User Settings API notes

API name: This could be the Workspace API, or Settings API, or other
Association with CNs/MNs
- This could be a stand alone service and not tied to a CN or MN per se
Potential REST endpoints and API calls
- The settings or workspace could be seen as a series of parameters, one being a per-subject 'collection' or 'folder' of 1) static pid lists, and 2) saved search queries
  - e.g.
  - Settings.listCollections() OR Workspace.listFolders()
    - /collections/{subject} OR
    - /folders/{subject}:
    - returns the settings collections for a given user. Should be able to pass in a collection name parameter to limit the collections returned. The return format would be either XML -see the schema Roger worked on), or a standardized JSON object of the same information. Look at Badgerfish for transforming XML to JSON consistently.
How do we model taxonomic hierarchies?
- We have about 8 solr fields
- No hierarchies are wrong/right
  - Just follow an example such as
    - EOL - may have a REST service to view taxonomy
    - GBIF
    - ITIS - has REST API
  - OR, browse by rank <-- good first stab
    - kingdom
    - phylum
    - class
    - order
    - family
    - genus
    - species
    - etc

Talk with Skye on Indexing Plans
--------------------------------

topics:

1. (P1) Foresite for parsing resource maps - redmine 3723

- Chris B has this on his schedule after Ansible

2. Generalized pattern for index processing

- pluggable pre-processing
- SOLRField class supports this
- Issue is picking up the new code in a running process - simplest is to simply add and restart.

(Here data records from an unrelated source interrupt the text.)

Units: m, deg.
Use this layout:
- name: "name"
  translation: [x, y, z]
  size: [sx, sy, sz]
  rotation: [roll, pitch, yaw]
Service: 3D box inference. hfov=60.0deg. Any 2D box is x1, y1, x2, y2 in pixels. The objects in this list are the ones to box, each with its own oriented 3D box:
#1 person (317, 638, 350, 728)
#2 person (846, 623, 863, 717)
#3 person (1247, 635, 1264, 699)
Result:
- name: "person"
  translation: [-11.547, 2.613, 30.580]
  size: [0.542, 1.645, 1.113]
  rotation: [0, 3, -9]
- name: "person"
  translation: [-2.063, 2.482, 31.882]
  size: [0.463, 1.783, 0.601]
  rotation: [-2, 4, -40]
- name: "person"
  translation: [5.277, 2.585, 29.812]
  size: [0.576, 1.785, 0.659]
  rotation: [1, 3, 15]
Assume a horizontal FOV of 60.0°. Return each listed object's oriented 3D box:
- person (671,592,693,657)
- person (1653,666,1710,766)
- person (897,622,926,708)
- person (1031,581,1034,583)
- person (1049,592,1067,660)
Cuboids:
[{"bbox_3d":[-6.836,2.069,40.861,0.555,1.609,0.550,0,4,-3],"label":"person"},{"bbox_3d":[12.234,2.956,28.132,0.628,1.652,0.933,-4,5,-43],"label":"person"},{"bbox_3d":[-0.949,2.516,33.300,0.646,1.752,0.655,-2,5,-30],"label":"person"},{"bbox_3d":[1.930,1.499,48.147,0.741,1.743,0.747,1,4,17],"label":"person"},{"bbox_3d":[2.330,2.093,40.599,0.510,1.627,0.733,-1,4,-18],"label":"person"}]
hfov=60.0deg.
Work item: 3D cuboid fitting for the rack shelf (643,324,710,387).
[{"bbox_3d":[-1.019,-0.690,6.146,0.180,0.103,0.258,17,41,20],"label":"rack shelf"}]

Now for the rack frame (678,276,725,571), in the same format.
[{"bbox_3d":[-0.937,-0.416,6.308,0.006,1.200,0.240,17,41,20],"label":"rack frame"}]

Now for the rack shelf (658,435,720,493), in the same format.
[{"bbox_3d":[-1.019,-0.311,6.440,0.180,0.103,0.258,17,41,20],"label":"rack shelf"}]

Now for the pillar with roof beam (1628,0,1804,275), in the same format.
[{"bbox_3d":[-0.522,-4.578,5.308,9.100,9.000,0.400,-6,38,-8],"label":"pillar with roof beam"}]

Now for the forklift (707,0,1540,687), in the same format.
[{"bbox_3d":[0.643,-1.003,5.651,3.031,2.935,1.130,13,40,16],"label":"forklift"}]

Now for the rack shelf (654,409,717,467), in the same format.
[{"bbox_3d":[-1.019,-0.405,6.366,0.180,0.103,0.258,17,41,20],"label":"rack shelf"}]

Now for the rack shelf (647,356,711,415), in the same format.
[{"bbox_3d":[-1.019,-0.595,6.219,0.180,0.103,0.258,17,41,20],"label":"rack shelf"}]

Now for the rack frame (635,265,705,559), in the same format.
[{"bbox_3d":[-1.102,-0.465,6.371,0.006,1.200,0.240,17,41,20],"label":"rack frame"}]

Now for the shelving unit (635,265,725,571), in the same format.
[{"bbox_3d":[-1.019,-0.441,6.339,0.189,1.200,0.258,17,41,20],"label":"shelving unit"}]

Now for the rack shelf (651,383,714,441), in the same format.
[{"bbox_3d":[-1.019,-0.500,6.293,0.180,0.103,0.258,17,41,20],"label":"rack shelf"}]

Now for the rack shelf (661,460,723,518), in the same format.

2. a. (P2) Performance of indexing - redmine 3766
- multiple instances of SOLR can work with the same index. e.g. search instance handling public requests, then start up one or more jetty instances that can write to the index.
- Replace the hazelcast iterator with a postgres query.
- Improve the commit strategy refresh/rebuild

3. (Depends somewhat on #4) Upgrade to SOLR 4 and related upgrades - subtask of redmine 3764

- Cloud design - write to a single virtual instance that is manifest across the CNs.
- would significantly reduce the hazelcast traffic since sysmeta would only be pulled by one CN
- Would require rebuilding index, perhaps some schema redesign, some new required fields (e.g. version)
- Provides a new upgrade path for solr for dataONE. Debian packaging. (perhaps start from https://github.com/zeraholladay/solr4-tomcat-debian )

4. (P3) Refactoring the solr index schema, especially for dealing with packages - redmine 3726

Need to denormalize data as much as possible - but tradeoff is flexibility.

- Add support for data set variables (e.g. column name and units)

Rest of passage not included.